Da tempo denuncio alle Procure competenti l’esistenza di un sistemai opaco e pericoloso legato al rilascio illecito di visti italiani. Non l’ho fatto per cercare visibilità, ma perché quando si tocca l’accesso al nostro Paese non si parla di burocrazia: si parla di sicurezza nazionale.
Ringrazio la Guardia di Finanza per il lavoro svolto, per la serietà dell’indagine e per aver dimostrato ancora una volta che lo Stato, quando vuole, sa arrivare fino in fondo.

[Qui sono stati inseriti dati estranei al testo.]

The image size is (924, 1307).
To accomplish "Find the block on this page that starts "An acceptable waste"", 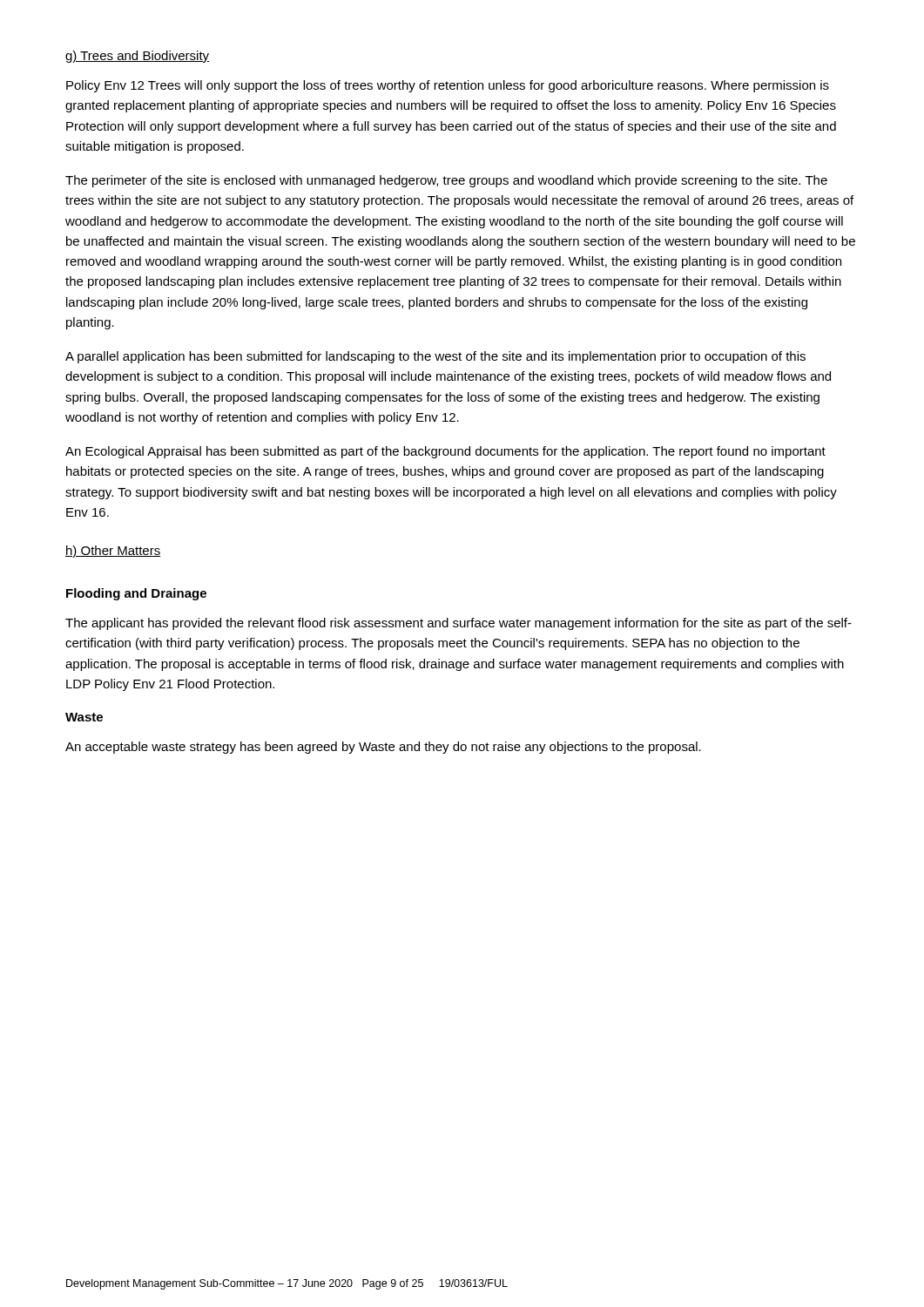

Ogni visto falso non è solo un documento irregolare. È una porta aperta senza controllo. È un rischio per i cittadini. È un danno per l’Italia. È una ferita alla credibilità delle nostre istituzioni.
E c’è un altro tema che molti fanno finta di non vedere: il lavoro degli italiani.
Quando qualcuno entra attraverso canali illegali, quando il sistema viene alterato, quando le regole vengono comprate, falsificate o aggirate, a pagare sono anche i lavoratori italiani, le imprese oneste, chi rispetta la legge e chi costruisce il proprio futuro senza scorciatoie.
L’Italia deve essere aperta a chi arriva legalmente, lavora onestamente e rispetta le nostre regole. Ma deve essere durissima con chi trasforma i visti in merce, le ambasciate in sportelli privati e la funzione pubblica in un affare personale.
La domanda vera è semplice: com’è possibile che per vent’anni nessuno abbia visto nulla? Nessuno abbia denunciato nulla? Nessuno abbia voluto davvero aprire questo vaso di Pandora?
Io continuerò a farlo. Senza arretrare di un millimetro.
Perché questa non è una battaglia personale. È una battaglia per lo Stato, per la sicurezza nazionale e per gli italiani che rispettano le regole.
E ora avanti.
Passiamo al prossimo dossier. Perché purtroppo siamo solo all’inizio…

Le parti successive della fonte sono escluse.